The genie is out of the bottle 2

First consider the process of mixing two containers of gases. Each container has two different gases: container #1 has $n_{1A}$ mole of gas A and $n_{1B}$ mole of gas B. Similarly container #2 has $n_{2A}$ mole of gas A and $n_{2B}$ mole of gas B. The mole fraction of gas A in container #1 is $x_{1A}=n_{1A}/n_1$ , where $n_1=n_{1A}+n_{1B}$ is the total amount of gas in that container. Similarly we can define $x_{1B}=n_{1B}/n_1$ , $x_{2A}=n_{2A}/n_2$ and $x_{2B}=n_{2B}/n_2$ . Note that $x_{1B}=1-x_{1A}$ and $x_{2B}=1-x_{2A}$ .

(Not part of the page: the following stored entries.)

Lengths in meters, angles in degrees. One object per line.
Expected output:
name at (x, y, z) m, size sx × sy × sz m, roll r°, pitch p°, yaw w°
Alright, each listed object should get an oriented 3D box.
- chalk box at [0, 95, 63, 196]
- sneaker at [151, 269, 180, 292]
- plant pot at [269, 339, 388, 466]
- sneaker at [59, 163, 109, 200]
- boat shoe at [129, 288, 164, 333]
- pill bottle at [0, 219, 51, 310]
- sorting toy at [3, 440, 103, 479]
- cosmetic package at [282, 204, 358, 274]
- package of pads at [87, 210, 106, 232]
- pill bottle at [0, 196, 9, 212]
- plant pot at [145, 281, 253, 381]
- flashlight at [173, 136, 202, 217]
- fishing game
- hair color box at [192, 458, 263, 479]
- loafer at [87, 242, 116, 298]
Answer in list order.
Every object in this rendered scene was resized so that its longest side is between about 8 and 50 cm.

The total amount of gas is $n=n_1+n_2$ , made up of gas A of amount $n_A=n_{1A}+n_{2A}$ and gas B of amount $n_B=n_{1B}+n_{2B}$ . The corresponding mole fractions are $x_A=n_A/n$ and $x_B=n_B/n$ . The pressure $p$ and the temperature $T$ is the same for both containers.

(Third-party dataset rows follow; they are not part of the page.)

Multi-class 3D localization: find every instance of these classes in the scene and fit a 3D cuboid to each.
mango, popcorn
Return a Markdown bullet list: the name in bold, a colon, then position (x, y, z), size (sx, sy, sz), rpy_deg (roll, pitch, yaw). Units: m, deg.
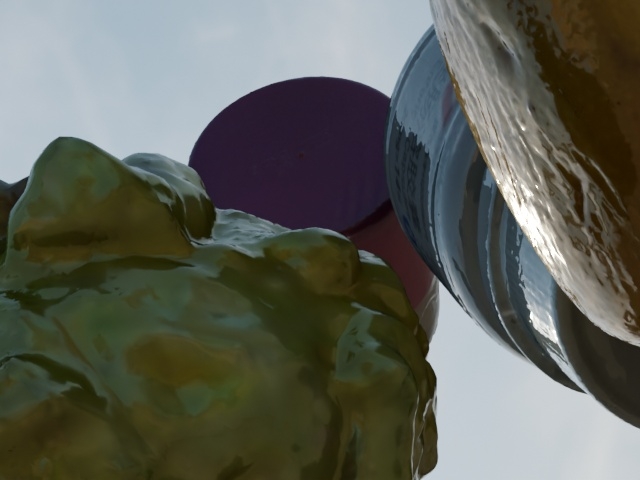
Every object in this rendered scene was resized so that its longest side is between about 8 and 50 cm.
- **mango**: position (0.120, -0.075, 0.714), size (0.119, 0.176, 0.317), rpy_deg (-33, -73, -5)
- **popcorn**: position (-0.067, 0.075, 0.614), size (0.256, 0.255, 0.195), rpy_deg (-21, -39, -36)

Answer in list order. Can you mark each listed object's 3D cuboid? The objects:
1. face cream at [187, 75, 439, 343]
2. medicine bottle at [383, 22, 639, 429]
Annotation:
- **face cream**: position (0.000, 0.000, 1.259), size (0.175, 0.175, 0.195), rpy_deg (-40, -35, -22)
- **medicine bottle**: position (0.185, -0.031, 1.008), size (0.245, 0.306, 0.245), rpy_deg (-4, -71, -12)

In the process of mixing the components expand into the volume available to them in the new, joint space, and according to textbooks the entropy production per unit amount of gas in each process is

$\Delta S = nR \ln p_i/p_f$

where $p_i$ and $p_f$ are the initial and final partial pressure of the gas. The partial pressures scale with the mole fractions. For example, if we consider $n_{1A}$ it has an initial partial pressure of $p_i=p x_{1A}$ and final partial pressure of $p_f= p x_A$ , so the entropy production is $n_{1A} [\ln x_{1A}/x_A]$ . Adding up all terms:

$\Delta S_{tot}/R = n_{1A} \ln x_{1A}/x_A + n_{2A} \ln x_{2A}/x_A + n_{1B} \ln x_{1B}/x_B + n_{2B} \ln x_{2B}/x_B$

This is a general formula for mixing two containers of two component gases. Let us take the limit of $n_{2A}>>n_{1A}$ , $n_{2B}>>n_{1B}$ . In this case the composition of the gas in the larger container (#2) does not change and $n_{2A} =n_{2}$ , $n_{2B} =n_{2}$ , and the corresponding logarthmic terms are equal to zero. We get

$\Delta S_{tot}/R = n_{1A} \ln x_{1A}/x_A + n_{1B} \ln x_{1B}/x_B$

Using $x_{1A}=0.1$ mole (for CO $_2$ ), $x_{1B}=0.9$ mole (for air) in the smoke and $x_{2A}=4 \times 10^{-4}$ mole (for CO $_2$ ), $x_{2B}=1$ mole for the outside atmosphere we get

$\Delta S = 3.81$ J/K